◆ **Work to be completed**
Beneath this line are the data; copy exactly the part of them that opens with the line containing "Answer: Rimmel Stay" and closes with the line containing "Answer: L'Oréal True", and only that part.

──────── Records for this task

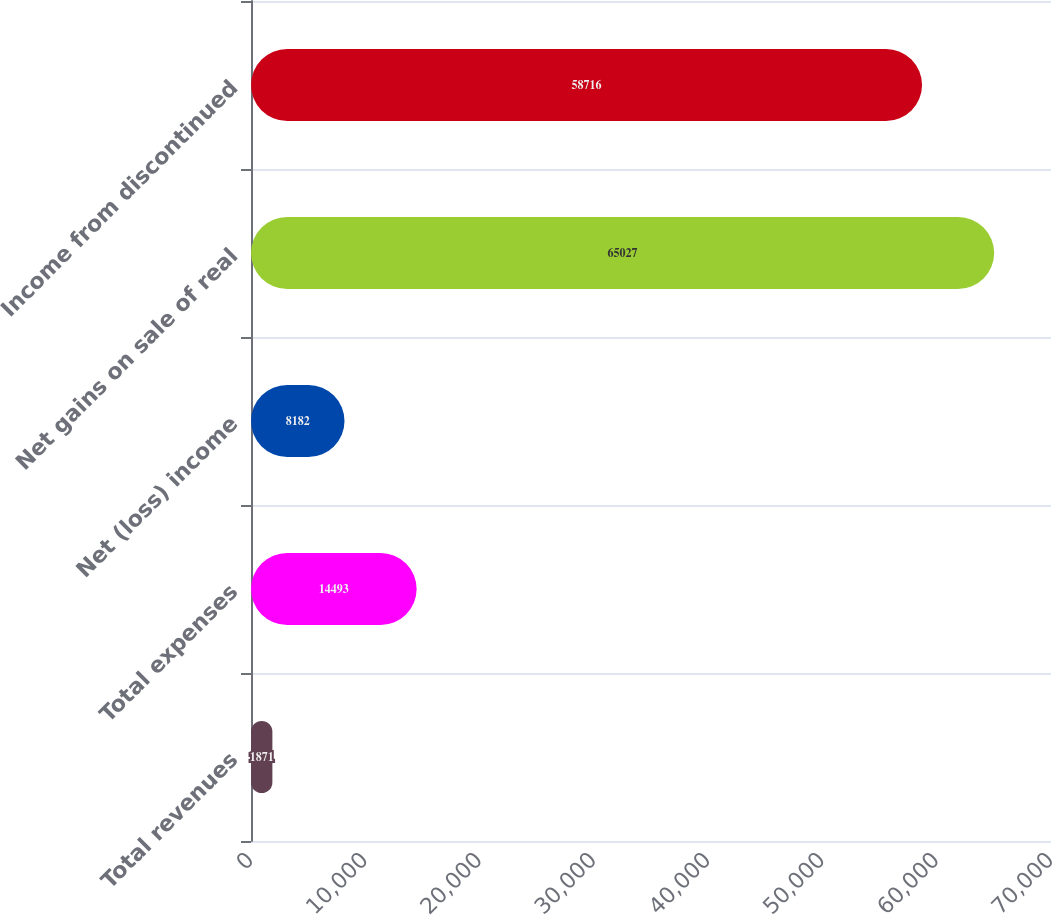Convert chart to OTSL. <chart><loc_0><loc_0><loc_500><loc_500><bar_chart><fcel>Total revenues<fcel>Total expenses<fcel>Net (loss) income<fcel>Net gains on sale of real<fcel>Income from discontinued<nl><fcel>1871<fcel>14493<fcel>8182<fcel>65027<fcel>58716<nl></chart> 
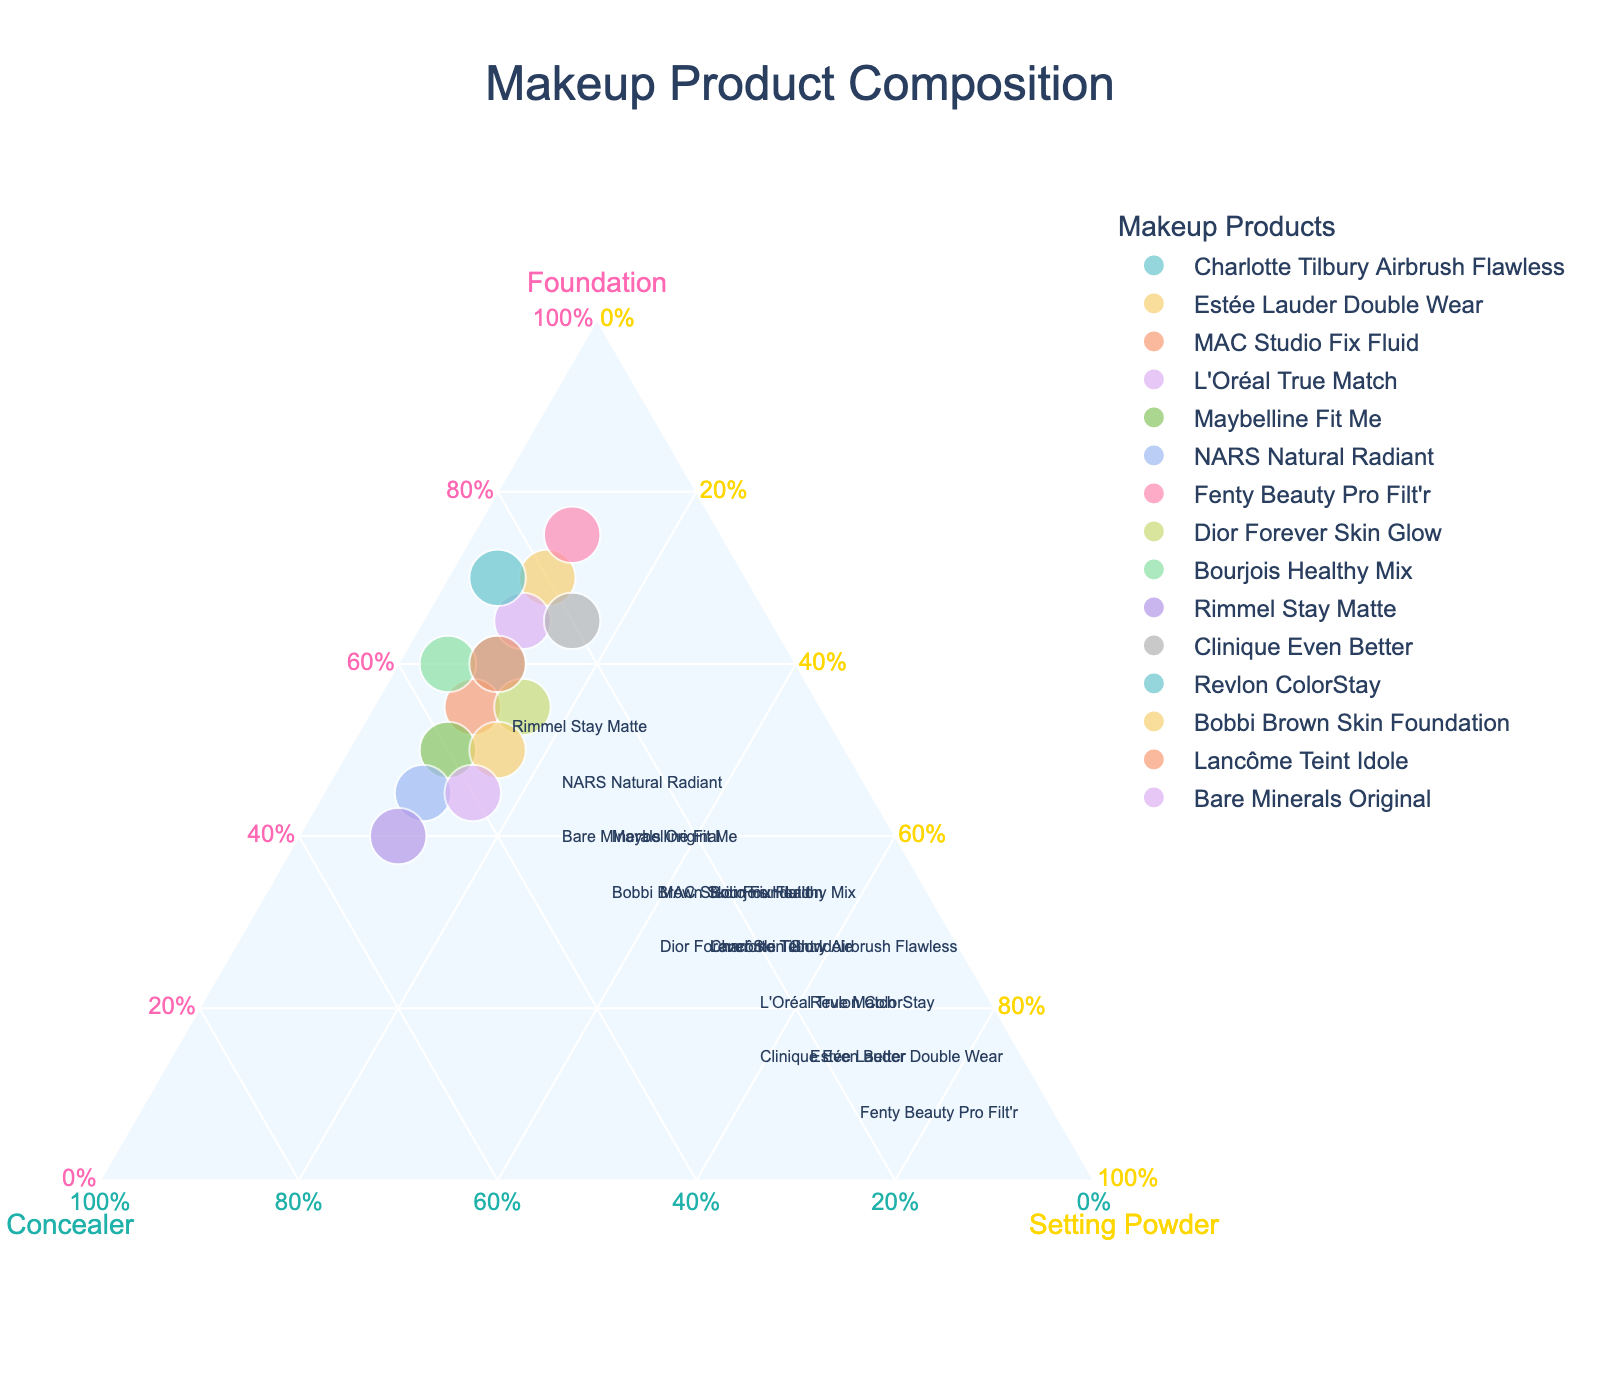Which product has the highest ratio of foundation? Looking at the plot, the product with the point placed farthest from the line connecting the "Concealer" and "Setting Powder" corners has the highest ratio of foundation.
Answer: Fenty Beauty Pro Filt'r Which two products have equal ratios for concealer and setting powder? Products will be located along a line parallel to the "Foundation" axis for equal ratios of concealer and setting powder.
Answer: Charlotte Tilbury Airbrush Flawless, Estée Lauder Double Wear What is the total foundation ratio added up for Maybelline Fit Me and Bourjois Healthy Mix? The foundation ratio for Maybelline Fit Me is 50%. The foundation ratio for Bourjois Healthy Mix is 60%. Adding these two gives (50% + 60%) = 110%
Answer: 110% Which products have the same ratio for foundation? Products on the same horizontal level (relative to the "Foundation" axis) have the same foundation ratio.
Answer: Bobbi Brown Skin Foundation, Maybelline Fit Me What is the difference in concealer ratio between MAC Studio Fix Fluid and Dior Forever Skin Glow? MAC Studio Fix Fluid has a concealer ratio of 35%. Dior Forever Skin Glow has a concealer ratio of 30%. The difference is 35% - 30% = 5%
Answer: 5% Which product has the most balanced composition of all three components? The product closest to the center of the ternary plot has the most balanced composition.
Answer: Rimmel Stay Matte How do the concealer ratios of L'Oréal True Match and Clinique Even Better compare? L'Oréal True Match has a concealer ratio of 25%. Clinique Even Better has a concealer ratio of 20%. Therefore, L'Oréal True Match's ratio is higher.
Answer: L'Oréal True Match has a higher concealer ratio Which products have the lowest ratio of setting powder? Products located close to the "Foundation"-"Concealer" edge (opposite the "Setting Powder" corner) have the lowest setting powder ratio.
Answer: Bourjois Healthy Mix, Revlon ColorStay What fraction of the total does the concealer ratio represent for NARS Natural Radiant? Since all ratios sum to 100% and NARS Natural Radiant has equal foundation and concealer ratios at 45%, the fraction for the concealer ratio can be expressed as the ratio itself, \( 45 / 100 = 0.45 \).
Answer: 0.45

────────────────

◆ **Reply to the task**
Answer: Rimmel Stay Matte How do the concealer ratios of L'Oréal True Match and Clinique Even Better compare? L'Oréal True Match has a concealer ratio of 25%. Clinique Even Better has a concealer ratio of 20%. Therefore, L'Oréal True Match's ratio is higher.
Answer: L'Oréal True Match has a higher concealer ratio Which products have the lowest ratio of setting powder? Products located close to the "Foundation"-"Concealer" edge (opposite the "Setting Powder" corner) have the lowest setting powder ratio.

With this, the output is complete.